Faculty members can take a more active role in curbing the rising number of mental health problems among students by being attentive to academic performance and being open to students' personal concerns, Dean of Students Penny Rue said.

This semester, Rue and Russ Federman, director of the Counseling Center with U.Va. Counseling and Psychological Services, have initiated a series of information sessions concerning student mental health with the faculty of various schools within the University. During the sessions, faculty members are presented with statistics gathered from the National College Health Assessment Survey and data from CAPS, among other sources.

"Our intent with this was to give the faculty an overview of the current mental health issues that students are dealing with," Federman said.

Rue and Federman said they also are seeking to educate the faculty on signs and symptoms of mental health problems, instructing them on ways of approaching students to address problems they may have.

The forum was prompted by a "growing awareness of the mental health issues that many students are dealing with," Federman said.

Forty-five percent of University students randomly sampled have reported psychological episodes so severe that they can't perform properly.
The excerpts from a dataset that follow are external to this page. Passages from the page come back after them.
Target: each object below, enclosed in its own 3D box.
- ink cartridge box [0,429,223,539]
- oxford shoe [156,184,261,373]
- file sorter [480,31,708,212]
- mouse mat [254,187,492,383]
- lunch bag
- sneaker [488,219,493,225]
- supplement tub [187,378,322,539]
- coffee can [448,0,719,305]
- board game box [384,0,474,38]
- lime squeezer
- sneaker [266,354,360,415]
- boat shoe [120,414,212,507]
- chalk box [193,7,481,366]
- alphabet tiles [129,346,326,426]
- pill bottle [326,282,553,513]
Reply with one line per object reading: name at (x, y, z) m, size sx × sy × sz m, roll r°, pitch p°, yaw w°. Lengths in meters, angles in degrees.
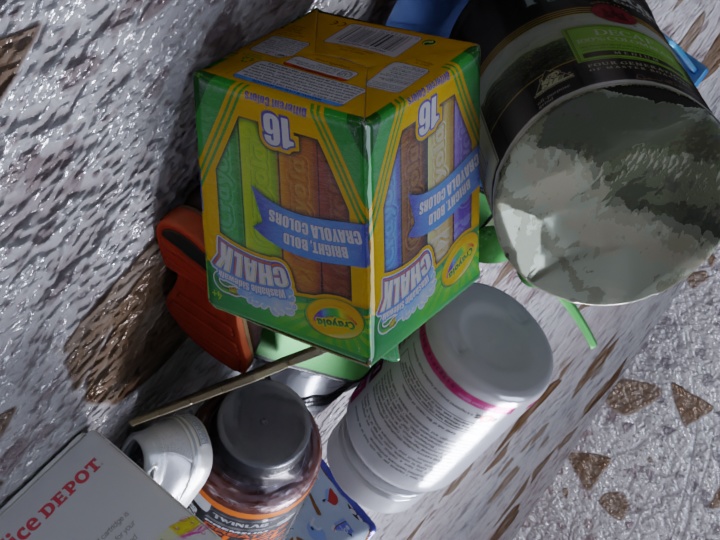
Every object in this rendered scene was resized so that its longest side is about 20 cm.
ink cartridge box at (-0.159, 0.229, 1.161) m, size 0.148 × 0.200 × 0.086 m, roll -43°, pitch 163°, yaw -27°
oxford shoe at (-0.081, 0.004, 1.125) m, size 0.073 × 0.071 × 0.200 m, roll -50°, pitch 165°, yaw -23°
file sorter at (0.157, -0.130, 1.385) m, size 0.200 × 0.139 × 0.123 m, roll -54°, pitch 162°, yaw 7°
mouse mat at (0.000, 0.000, 1.304) m, size 0.161 × 0.008 × 0.200 m, roll 19°, pitch 116°, yaw -43°
lunch bag at (-0.106, 0.289, 1.625) m, size 0.200 × 0.124 × 0.170 m, roll -43°, pitch 169°, yaw 24°
sneaker at (0.141, -0.081, 1.604) m, size 0.090 × 0.067 × 0.200 m, roll -52°, pitch 167°, yaw 31°
supplement tub at (-0.089, 0.154, 1.343) m, size 0.107 × 0.107 × 0.200 m, roll -44°, pitch 169°, yaw -26°
coffee can at (0.138, -0.091, 1.074) m, size 0.146 × 0.146 × 0.200 m, roll -59°, pitch -159°, yaw 24°
board game box at (0.069, -0.171, 1.172) m, size 0.158 × 0.039 × 0.200 m, roll 0°, pitch 131°, yaw -38°
lime squeezer at (0.115, 0.006, 1.326) m, size 0.071 × 0.200 × 0.038 m, roll -69°, pitch -157°, yaw 7°
sneaker at (0.004, 0.036, 1.431) m, size 0.200 × 0.075 × 0.115 m, roll -38°, pitch 163°, yaw -33°
boat shoe at (-0.175, 0.188, 1.291) m, size 0.068 × 0.072 × 0.200 m, roll -5°, pitch 143°, yaw -40°
chalk box at (-0.011, -0.032, 1.013) m, size 0.124 × 0.124 × 0.200 m, roll -36°, pitch 134°, yaw -46°
alphabet tiles at (-0.064, 0.068, 1.215) m, size 0.200 × 0.006 × 0.166 m, roll -22°, pitch 179°, yaw 41°
pill bottle at (0.058, 0.109, 1.402) m, size 0.113 × 0.113 × 0.200 m, roll -35°, pitch 168°, yaw -47°
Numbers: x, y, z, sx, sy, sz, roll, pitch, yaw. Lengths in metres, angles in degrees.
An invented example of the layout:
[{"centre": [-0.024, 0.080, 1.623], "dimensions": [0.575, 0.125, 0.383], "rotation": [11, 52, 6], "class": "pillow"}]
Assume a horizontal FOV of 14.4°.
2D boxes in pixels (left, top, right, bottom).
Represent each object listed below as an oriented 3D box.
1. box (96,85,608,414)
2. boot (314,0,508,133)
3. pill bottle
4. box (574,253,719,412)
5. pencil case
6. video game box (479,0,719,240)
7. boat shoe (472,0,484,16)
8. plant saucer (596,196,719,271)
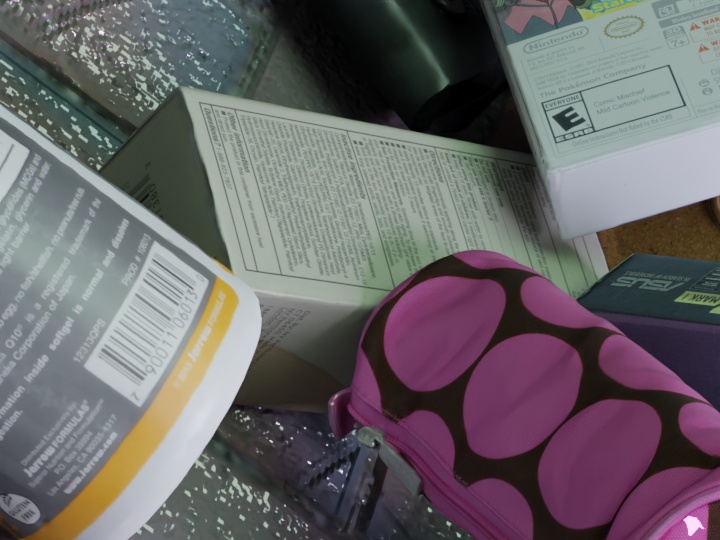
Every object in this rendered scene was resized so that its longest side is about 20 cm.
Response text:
[{"centre": [0.000, 0.000, 1.099], "dimensions": [0.200, 0.078, 0.095], "rotation": [10, 51, -38], "class": "box"}, {"centre": [-0.027, -0.143, 1.199], "dimensions": [0.200, 0.066, 0.165], "rotation": [58, 33, 7], "class": "boot"}, {"centre": [-0.141, -0.001, 0.938], "dimensions": [0.200, 0.116, 0.117], "rotation": [36, 40, -14], "class": "pill bottle"}, {"centre": [0.180, 0.078, 1.050], "dimensions": [0.051, 0.200, 0.158], "rotation": [-35, 118, -35], "class": "box"}, {"centre": [0.072, 0.070, 0.976], "dimensions": [0.093, 0.091, 0.200], "rotation": [-21, 30, -22], "class": "pencil case"}, {"centre": [0.151, -0.111, 1.153], "dimensions": [0.047, 0.199, 0.183], "rotation": [73, 2, -46], "class": "video game box"}, {"centre": [0.052, -0.186, 1.315], "dimensions": [0.075, 0.062, 0.200], "rotation": [8, 54, -42], "class": "boat shoe"}, {"centre": [0.165, -0.025, 1.155], "dimensions": [0.035, 0.200, 0.201], "rotation": [52, 19, -61], "class": "plant saucer"}]
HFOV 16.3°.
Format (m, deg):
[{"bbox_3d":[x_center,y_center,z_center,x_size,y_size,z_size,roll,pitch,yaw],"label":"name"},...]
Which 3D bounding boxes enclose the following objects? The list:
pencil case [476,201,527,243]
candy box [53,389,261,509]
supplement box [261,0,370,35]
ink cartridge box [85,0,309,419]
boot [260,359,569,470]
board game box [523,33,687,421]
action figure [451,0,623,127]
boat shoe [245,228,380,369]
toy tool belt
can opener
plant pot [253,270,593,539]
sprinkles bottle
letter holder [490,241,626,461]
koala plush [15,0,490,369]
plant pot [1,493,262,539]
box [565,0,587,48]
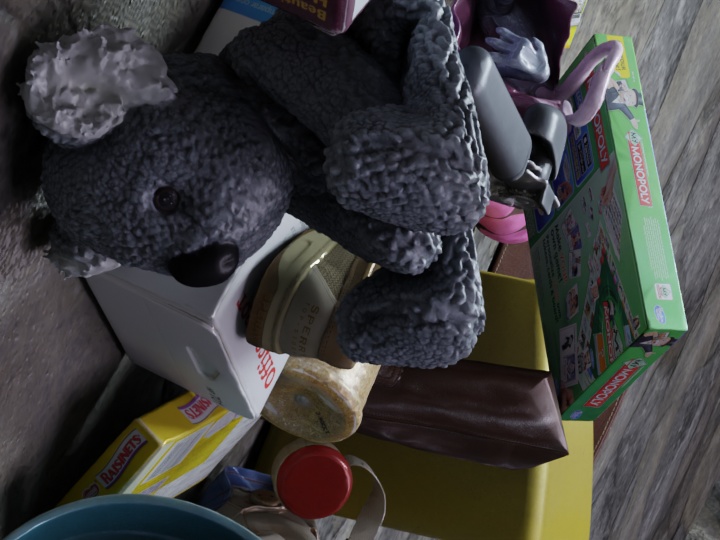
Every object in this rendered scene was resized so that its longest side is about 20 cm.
[{"bbox_3d":[0.100,-0.083,1.758,0.094,0.090,0.200,-59,166,-6],"label":"pencil case"},{"bbox_3d":[-0.103,0.099,1.389,0.102,0.026,0.200,-46,173,22],"label":"candy box"},{"bbox_3d":[-0.030,-0.222,1.050,0.103,0.130,0.201,-51,158,-46],"label":"supplement box"},{"bbox_3d":[-0.053,-0.045,1.303,0.201,0.086,0.147,-61,164,-17],"label":"ink cartridge box"},{"bbox_3d":[0.036,0.053,1.512,0.187,0.199,0.065,93,12,-59],"label":"boot"},{"bbox_3d":[0.144,-0.025,1.553,0.135,0.029,0.201,128,-40,-56],"label":"board game box"},{"bbox_3d":[0.092,-0.112,1.575,0.134,0.148,0.200,-59,165,-31],"label":"action figure"},{"bbox_3d":[0.011,-0.003,1.297,0.200,0.064,0.072,-47,155,-53],"label":"boat shoe"},{"bbox_3d":[-0.067,0.178,1.563,0.123,0.124,0.201,-119,-130,-70],"label":"toy tool belt"},{"bbox_3d":[0.074,-0.087,1.397,0.200,0.053,0.067,55,51,-63],"label":"can opener"},{"bbox_3d":[0.060,0.087,1.699,0.200,0.199,0.178,17,84,-74],"label":"plant pot"},{"bbox_3d":[0.000,0.000,1.419,0.068,0.068,0.201,91,19,-53],"label":"sprinkles bottle"},{"bbox_3d":[0.158,0.084,2.078,0.201,0.142,0.101,-68,164,3],"label":"letter holder"},{"bbox_3d":[-0.054,-0.054,1.145,0.178,0.199,0.185,86,-7,-59],"label":"koala plush"},{"bbox_3d":[-0.125,0.244,1.300,0.201,0.199,0.188,-58,176,-29],"label":"plant pot"},{"bbox_3d":[0.129,-0.221,1.747,0.200,0.038,0.137,-18,129,-70],"label":"box"}]
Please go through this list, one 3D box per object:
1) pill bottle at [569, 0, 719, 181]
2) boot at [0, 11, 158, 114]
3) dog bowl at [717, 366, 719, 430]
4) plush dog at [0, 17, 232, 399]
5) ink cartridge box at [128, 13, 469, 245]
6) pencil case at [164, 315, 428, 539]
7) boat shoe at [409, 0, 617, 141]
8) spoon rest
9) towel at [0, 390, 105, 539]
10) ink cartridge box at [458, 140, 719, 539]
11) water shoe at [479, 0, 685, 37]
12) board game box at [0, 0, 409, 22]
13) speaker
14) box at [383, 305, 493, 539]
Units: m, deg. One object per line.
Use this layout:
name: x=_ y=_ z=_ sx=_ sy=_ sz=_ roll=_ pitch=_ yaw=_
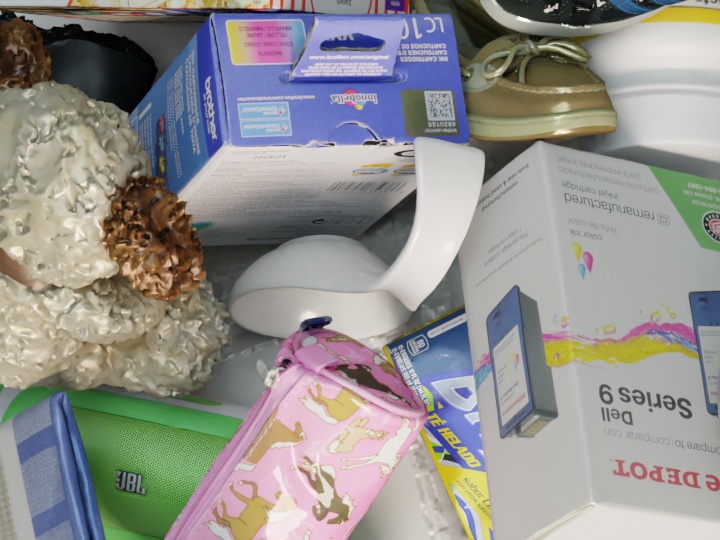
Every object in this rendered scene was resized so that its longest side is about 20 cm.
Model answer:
pill bottle: x=0.165 y=-0.151 z=1.541 sx=0.113 sy=0.114 sz=0.202 roll=-1 pitch=77 yaw=12
boot: x=-0.148 y=-0.046 z=1.600 sx=0.199 sy=0.076 sz=0.169 roll=20 pitch=85 yaw=22
dog bowl: x=0.252 y=0.090 z=1.431 sx=0.059 sy=0.199 sz=0.201 roll=-29 pitch=70 yaw=37
plush dog: x=-0.160 y=-0.024 z=1.446 sx=0.160 sy=0.172 sz=0.200 roll=-30 pitch=68 yaw=-39
ink cartridge box: x=-0.032 y=-0.076 z=1.499 sx=0.135 sy=0.200 sz=0.077 roll=-2 pitch=76 yaw=-22
pencil case: x=-0.050 y=0.123 z=1.452 sx=0.086 sy=0.083 sz=0.201 roll=35 pitch=106 yaw=4
boat shoe: x=0.072 y=-0.110 z=1.516 sx=0.073 sy=0.201 sz=0.064 roll=-5 pitch=105 yaw=-19
spoon rest: x=0.000 y=0.000 z=1.505 sx=0.099 sy=0.200 sz=0.061 roll=11 pitch=62 yaw=-24
towel: x=-0.188 y=0.161 z=1.509 sx=0.200 sy=0.024 sz=0.148 roll=-32 pitch=67 yaw=47
ink cartridge box: x=0.136 y=0.051 z=1.458 sx=0.144 sy=0.087 sz=0.201 roll=12 pitch=60 yaw=-30
water shoe: x=0.153 y=-0.170 z=1.446 sx=0.198 sy=0.079 sz=0.072 roll=-10 pitch=75 yaw=6
board game box: x=-0.095 y=-0.157 z=1.539 sx=0.199 sy=0.151 sz=0.047 roll=3 pitch=93 yaw=28
speaker: x=-0.110 y=0.107 z=1.553 sx=0.199 sy=0.088 sz=0.089 roll=10 pitch=79 yaw=14
box: x=0.083 y=0.120 z=1.507 sx=0.064 sy=0.070 sz=0.201 roll=-26 pitch=73 yaw=1
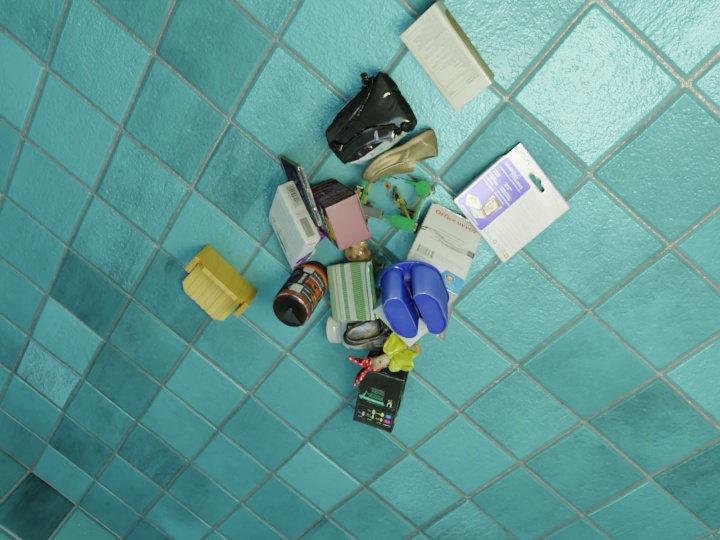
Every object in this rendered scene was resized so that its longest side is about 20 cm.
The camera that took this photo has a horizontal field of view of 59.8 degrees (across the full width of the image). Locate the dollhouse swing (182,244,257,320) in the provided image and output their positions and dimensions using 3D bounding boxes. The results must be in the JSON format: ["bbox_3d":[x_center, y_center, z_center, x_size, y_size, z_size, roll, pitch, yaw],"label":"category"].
[{"bbox_3d":[-0.432,0.067,1.799,0.176,0.182,0.200,-43,100,13],"label":"dollhouse swing"}]

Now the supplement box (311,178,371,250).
[{"bbox_3d":[-0.056,-0.137,1.496,0.084,0.200,0.112,-23,113,-10],"label":"supplement box"}]

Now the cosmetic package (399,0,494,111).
[{"bbox_3d":[0.186,-0.453,1.324,0.104,0.071,0.201,-32,105,31],"label":"cosmetic package"}]

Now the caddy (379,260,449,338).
[{"bbox_3d":[0.120,0.059,1.379,0.138,0.107,0.201,-9,140,17],"label":"caddy"}]

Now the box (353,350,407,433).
[{"bbox_3d":[0.065,0.323,1.770,0.122,0.149,0.203,15,123,9],"label":"box"}]

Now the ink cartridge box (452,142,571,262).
[{"bbox_3d":[0.346,-0.155,1.442,0.199,0.043,0.199,-39,102,13],"label":"ink cartridge box"}]

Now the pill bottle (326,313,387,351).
[{"bbox_3d":[0.010,0.162,1.719,0.196,0.111,0.113,1,120,19],"label":"pill bottle"}]

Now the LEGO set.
[{"bbox_3d":[0.083,-0.168,1.526,0.195,0.116,0.157,9,92,10],"label":"LEGO set"}]

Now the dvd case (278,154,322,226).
[{"bbox_3d":[-0.149,-0.200,1.537,0.016,0.200,0.151,-24,114,-12],"label":"dvd case"}]

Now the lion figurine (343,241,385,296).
[{"bbox_3d":[0.000,0.000,1.655,0.121,0.072,0.203,26,131,20],"label":"lion figurine"}]

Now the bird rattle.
[{"bbox_3d":[0.073,0.234,1.607,0.199,0.162,0.114,-38,68,32],"label":"bird rattle"}]

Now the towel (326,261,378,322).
[{"bbox_3d":[-0.023,0.056,1.615,0.199,0.023,0.156,-8,90,57],"label":"towel"}]

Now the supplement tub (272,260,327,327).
[{"bbox_3d":[-0.151,0.052,1.660,0.105,0.201,0.109,9,123,14],"label":"supplement tub"}]

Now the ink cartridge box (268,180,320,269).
[{"bbox_3d":[-0.171,-0.109,1.591,0.165,0.049,0.200,63,160,10],"label":"ink cartridge box"}]

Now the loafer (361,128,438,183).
[{"bbox_3d":[0.094,-0.250,1.430,0.198,0.076,0.068,-31,89,4],"label":"loafer"}]

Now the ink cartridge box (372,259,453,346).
[{"bbox_3d":[0.139,0.087,1.574,0.175,0.201,0.084,44,123,-9],"label":"ink cartridge box"}]

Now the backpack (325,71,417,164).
[{"bbox_3d":[0.021,-0.324,1.419,0.199,0.126,0.169,-37,74,28],"label":"backpack"}]

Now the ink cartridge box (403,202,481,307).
[{"bbox_3d":[0.188,-0.036,1.481,0.143,0.202,0.084,27,151,2],"label":"ink cartridge box"}]

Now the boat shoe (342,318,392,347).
[{"bbox_3d":[0.047,0.141,1.604,0.196,0.066,0.071,-17,79,-7],"label":"boat shoe"}]

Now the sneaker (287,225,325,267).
[{"bbox_3d":[-0.134,-0.084,1.647,0.080,0.084,0.202,30,124,1],"label":"sneaker"}]
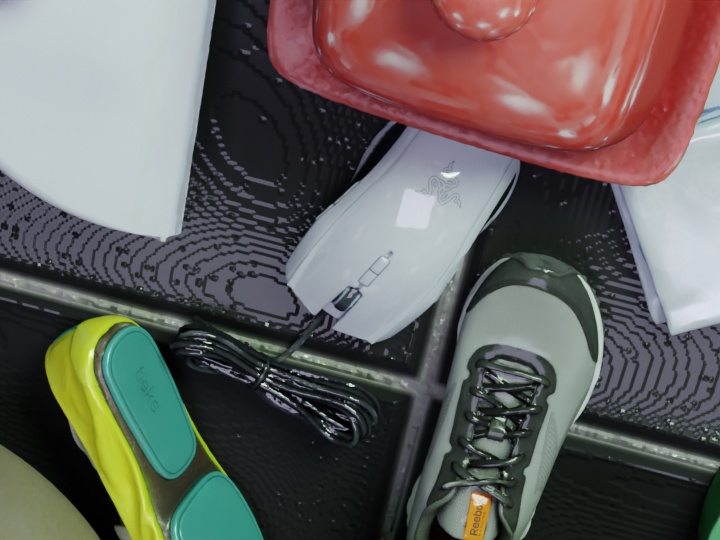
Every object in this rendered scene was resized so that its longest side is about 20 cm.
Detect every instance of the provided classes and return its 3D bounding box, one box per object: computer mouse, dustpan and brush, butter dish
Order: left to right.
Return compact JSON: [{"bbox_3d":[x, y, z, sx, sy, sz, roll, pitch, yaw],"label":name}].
[{"bbox_3d":[-0.172,-0.100,0.937,0.200,0.057,0.140,10,107,-2],"label":"dustpan and brush"},{"bbox_3d":[0.000,0.000,0.955,0.110,0.044,0.200,34,118,-7],"label":"computer mouse"},{"bbox_3d":[0.059,-0.130,0.806,0.200,0.148,0.200,17,113,5],"label":"butter dish"}]

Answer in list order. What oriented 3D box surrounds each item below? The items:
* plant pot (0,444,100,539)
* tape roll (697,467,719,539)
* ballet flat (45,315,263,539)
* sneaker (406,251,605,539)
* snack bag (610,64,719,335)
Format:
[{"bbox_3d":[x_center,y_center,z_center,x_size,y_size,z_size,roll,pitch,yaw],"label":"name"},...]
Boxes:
[{"bbox_3d":[-0.194,0.195,1.026,0.134,0.200,0.200,28,122,-34],"label":"plant pot"},{"bbox_3d":[0.268,0.151,0.981,0.200,0.048,0.201,4,118,8],"label":"tape roll"},{"bbox_3d":[-0.107,0.112,1.030,0.067,0.067,0.200,-8,114,38],"label":"ballet flat"},{"bbox_3d":[0.069,0.083,0.966,0.074,0.079,0.200,16,117,4],"label":"sneaker"},{"bbox_3d":[0.197,-0.077,0.892,0.188,0.021,0.200,-14,114,17],"label":"snack bag"}]
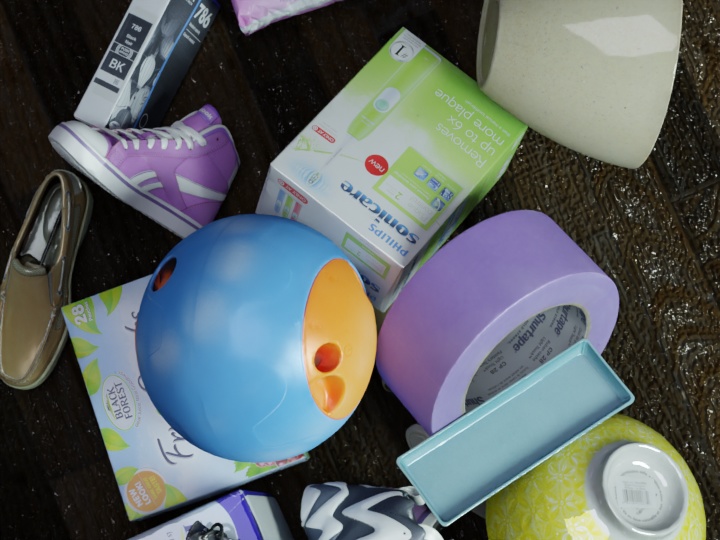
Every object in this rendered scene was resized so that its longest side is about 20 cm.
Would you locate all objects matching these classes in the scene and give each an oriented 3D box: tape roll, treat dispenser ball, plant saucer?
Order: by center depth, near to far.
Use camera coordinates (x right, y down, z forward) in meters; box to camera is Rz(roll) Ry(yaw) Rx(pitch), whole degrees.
[{"bbox_3d":[-0.085,0.055,1.471,0.198,0.201,0.203,-1,84,5],"label":"treat dispenser ball"},{"bbox_3d":[0.127,0.133,1.474,0.199,0.019,0.070,-31,66,-18],"label":"plant saucer"},{"bbox_3d":[0.115,0.053,1.508,0.200,0.200,0.085,-41,59,0],"label":"tape roll"}]

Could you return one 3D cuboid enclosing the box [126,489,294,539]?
[{"bbox_3d":[-0.155,0.272,1.526,0.198,0.184,0.106,-23,81,2],"label":"box"}]

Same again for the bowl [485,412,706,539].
[{"bbox_3d":[0.213,0.198,1.495,0.198,0.108,0.202,9,62,-17],"label":"bowl"}]

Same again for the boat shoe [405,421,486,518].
[{"bbox_3d":[0.131,0.185,1.577,0.199,0.073,0.063,35,62,8],"label":"boat shoe"}]

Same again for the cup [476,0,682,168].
[{"bbox_3d":[0.177,-0.196,1.525,0.141,0.200,0.203,7,84,-5],"label":"cup"}]

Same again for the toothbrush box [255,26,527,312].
[{"bbox_3d":[0.028,-0.089,1.556,0.145,0.086,0.200,38,61,8],"label":"toothbrush box"}]

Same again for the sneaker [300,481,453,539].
[{"bbox_3d":[0.017,0.260,1.483,0.128,0.080,0.200,-10,44,13],"label":"sneaker"}]

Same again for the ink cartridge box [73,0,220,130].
[{"bbox_3d":[-0.182,-0.208,1.621,0.039,0.099,0.202,24,87,18],"label":"ink cartridge box"}]

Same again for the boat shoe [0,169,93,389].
[{"bbox_3d":[-0.295,0.006,1.621,0.071,0.076,0.202,9,85,6],"label":"boat shoe"}]

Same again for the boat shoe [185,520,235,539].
[{"bbox_3d":[-0.129,0.230,1.406,0.198,0.070,0.067,-8,85,11],"label":"boat shoe"}]

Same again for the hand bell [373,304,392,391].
[{"bbox_3d":[0.000,0.000,1.604,0.104,0.104,0.200,-41,69,0],"label":"hand bell"}]

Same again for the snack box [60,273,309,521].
[{"bbox_3d":[-0.155,0.101,1.602,0.167,0.068,0.202,-19,82,1],"label":"snack box"}]

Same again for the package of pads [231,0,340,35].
[{"bbox_3d":[-0.081,-0.326,1.638,0.119,0.076,0.202,-17,83,0],"label":"package of pads"}]

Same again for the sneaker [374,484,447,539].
[{"bbox_3d":[-0.006,0.285,1.575,0.087,0.076,0.201,27,80,18],"label":"sneaker"}]

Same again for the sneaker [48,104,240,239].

So far in 2005, 50 students have been hospitalized for psychological reasons, Rue said.

Teaching assistants and professors have the most direct contact with students and, according to Federman, may best understand the academic rigors that students face and could play an important role in aiding students.

"The faculty can be the first to observe that a student is in distress," Federman said.

Often the first sign of mental health problems in students is a decline in academic performance, and teachers and professors are the first to take notice of this, Rue said.

Approaching the students can be a powerful intervention tool, she said.

Rue and Federman urged the faculty members of the departments they visited to be proactive in addressing students who may have a problem.

"Most of our students feel like they should be able to handle things on their own, and are loath to ask for help," Rue said.

Rue and Federson presented their findings and tips to the Architecture School, among other departments, and faculty members there said they found the information to be very useful.

"Many of the faculty members have seen these symptoms in students firsthand, and now they've had someone with expertise to confirm their suspicions," Architecture School Associate Dean Bruce Dotson said.

Dotson said faculty members were not sure what to do, or whether they had the proper training to help students deal with mental health problems.

"The two presenters assured us that the best approach was not to offer advice, but to offer an ear," he said.